Elixir NIF performance compared to native C++

I have a library which is written in C++, and I wrote a NIF “bridge” for it.

When I bench marked the library in C++, it had ~400-600 ips.

Then I bench marked it in Elixir, the result surprised me and it reached minimum 4k ips.

I couldn’t believe my eyes so I spinning a drogon http server to battle with Phoenix.

And the results from the two stay pretty much the same ~400 rps vs ~3k-6k rps.

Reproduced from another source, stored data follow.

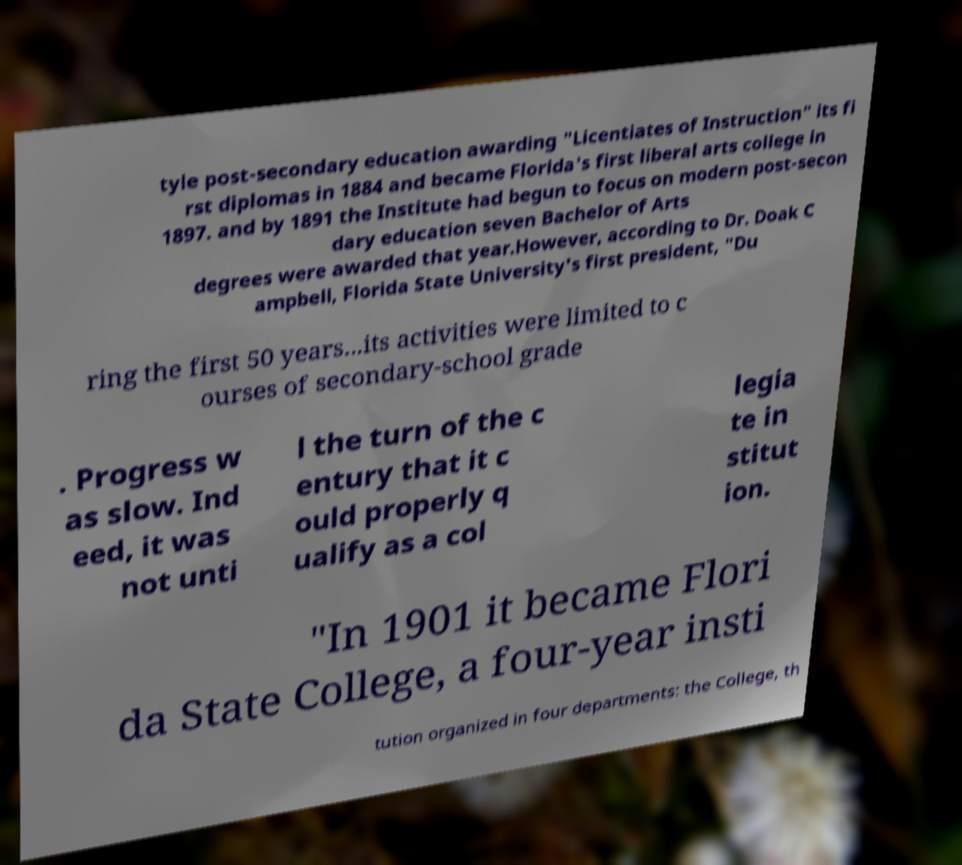Could you assist in decoding the text presented in this image and type it out clearly? tyle post-secondary education awarding "Licentiates of Instruction" its fi rst diplomas in 1884 and became Florida's first liberal arts college in 1897. and by 1891 the Institute had begun to focus on modern post-secon dary education seven Bachelor of Arts degrees were awarded that year.However, according to Dr. Doak C ampbell, Florida State University's first president, "Du ring the first 50 years...its activities were limited to c ourses of secondary-school grade . Progress w as slow. Ind eed, it was not unti l the turn of the c entury that it c ould properly q ualify as a col legia te in stitut ion. "In 1901 it became Flori da State College, a four-year insti tution organized in four departments: the College, th 
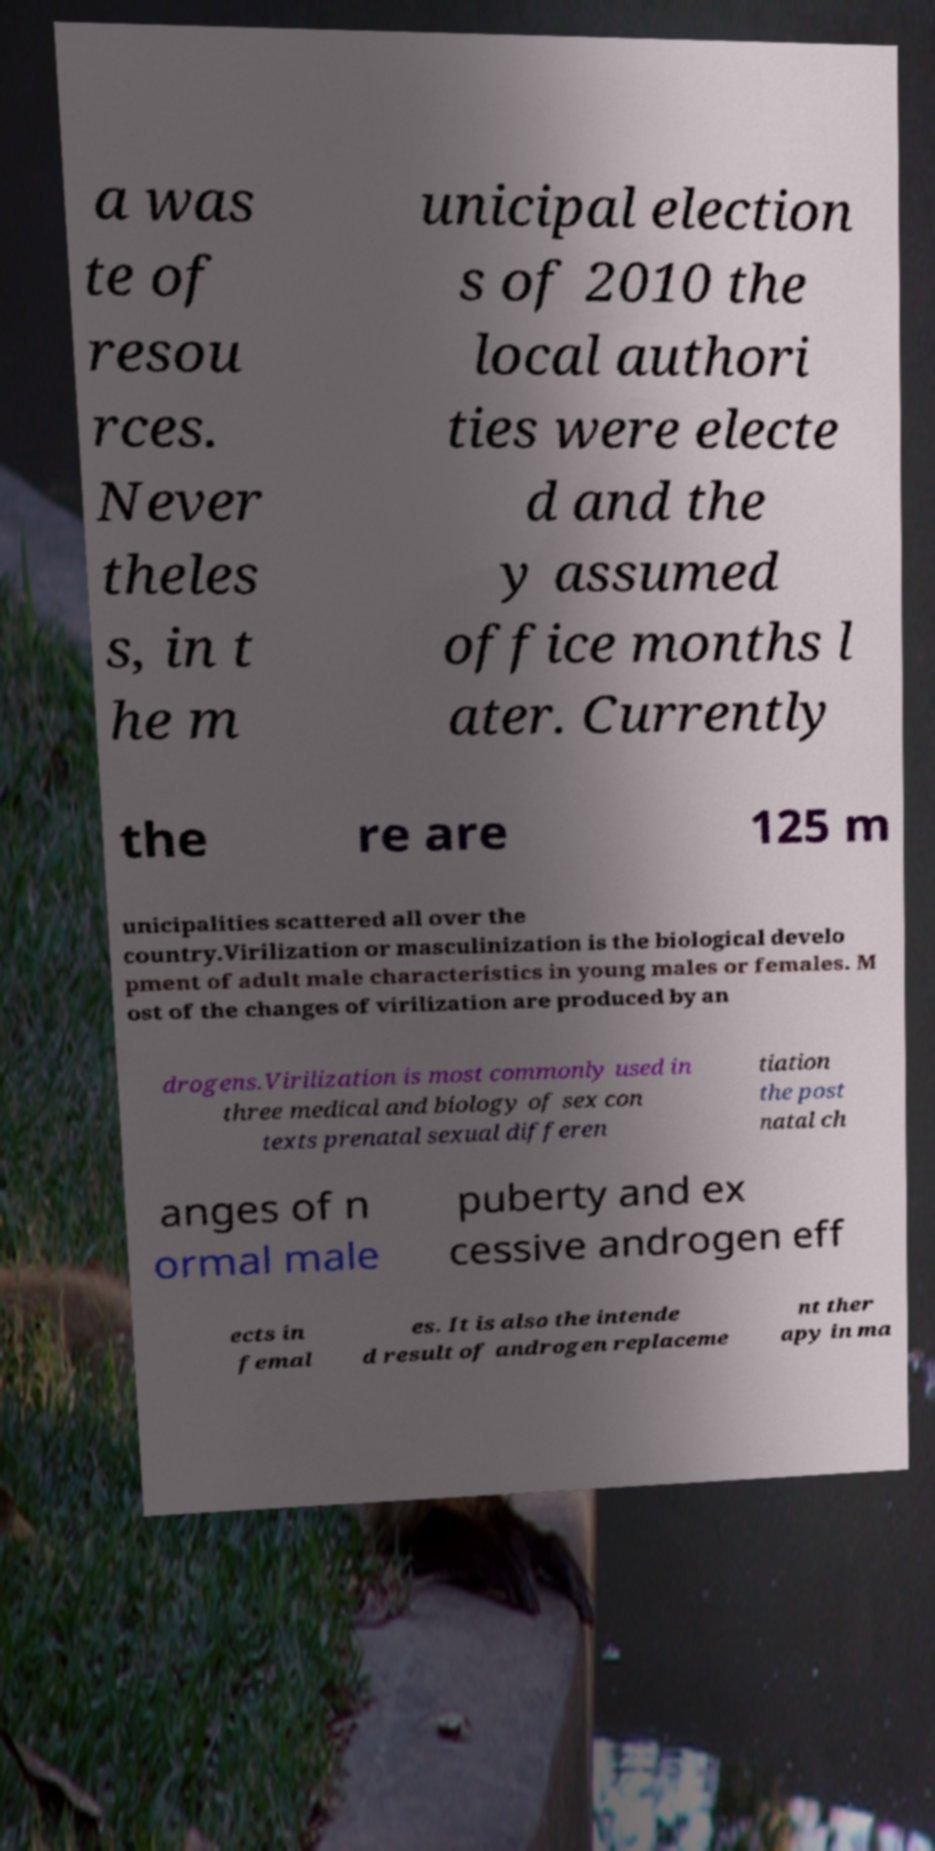Can you read and provide the text displayed in the image?This photo seems to have some interesting text. Can you extract and type it out for me? a was te of resou rces. Never theles s, in t he m unicipal election s of 2010 the local authori ties were electe d and the y assumed office months l ater. Currently the re are 125 m unicipalities scattered all over the country.Virilization or masculinization is the biological develo pment of adult male characteristics in young males or females. M ost of the changes of virilization are produced by an drogens.Virilization is most commonly used in three medical and biology of sex con texts prenatal sexual differen tiation the post natal ch anges of n ormal male puberty and ex cessive androgen eff ects in femal es. It is also the intende d result of androgen replaceme nt ther apy in ma 
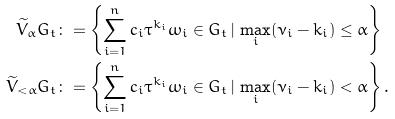Convert formula to latex. <formula><loc_0><loc_0><loc_500><loc_500>\widetilde { V } _ { \alpha } G _ { t } & \colon = \left \{ \sum _ { i = 1 } ^ { n } c _ { i } \tau ^ { k _ { i } } \omega _ { i } \in G _ { t } \, | \, \max _ { i } ( \nu _ { i } - k _ { i } ) \leq \alpha \right \} \\ \widetilde { V } _ { < \alpha } G _ { t } & \colon = \left \{ \sum _ { i = 1 } ^ { n } c _ { i } \tau ^ { k _ { i } } \omega _ { i } \in G _ { t } \, | \, \max _ { i } ( \nu _ { i } - k _ { i } ) < \alpha \right \} .</formula>

How come a native C++ call is MUCH slower than the one from Elixir NIF?

1 Like

Are you able to share the code? It would be easier this way to say something sensible about it.
But from my own experience it’s quite difficult to measure between 2 platforms in a correct way.
(I’m using rustler myself and performance seems to be faster on the 100% rust side, I have never seen the elixir/NIF part being faster because of the (sometimes little) overhead crossing the NIF bridge)

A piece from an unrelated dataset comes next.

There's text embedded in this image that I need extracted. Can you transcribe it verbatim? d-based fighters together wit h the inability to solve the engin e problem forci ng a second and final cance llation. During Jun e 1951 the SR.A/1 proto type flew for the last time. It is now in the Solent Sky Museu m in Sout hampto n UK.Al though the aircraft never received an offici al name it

Could be that your benchmarks are parallelized for BEAM but not when testing native C++?


Is it a normal or a dirty NIF? If it is dirty then is the workload IO or CPU bound and is the appropriate flag used in NIF declaration? If It is dirty then does Beam have enough dirty threads set in config (the defaults are rather low)

The problem is not that the BEAM were to “slow”, it is to “fast” compared with the pure C++ benchmark.

It gets about 5 to 10 times as meany IPS in the BEAM when called as NIF compared with the pure C++ benchmark.

As @rjk and @yurko said, it can depend on many things. If you could provide MCVE so we could check this out, then maybe we could give you more correct answer.

1 Like

I have made a simplified version of the code.

After considering parallel execution and some tweak to C++ compilation,

Parallel 1 in Benchee is around 2.3k IPS and Native C++ is about 2k or so, so they are similar now.

But I still feel Elixir NIF is faster.

Pure C++ is 174.96 ns per iteration while Elixir NIF is 423.47 μs, so pure C++ is 2420x faster than Elixir NIF.

What about the the IPS? Elixir has higher value.

20’000 iterations in 20 seconds mean less throughput than 2’000 iterations in 1 second. And from what I see Google Bench gives you amount of iterations, not IPS.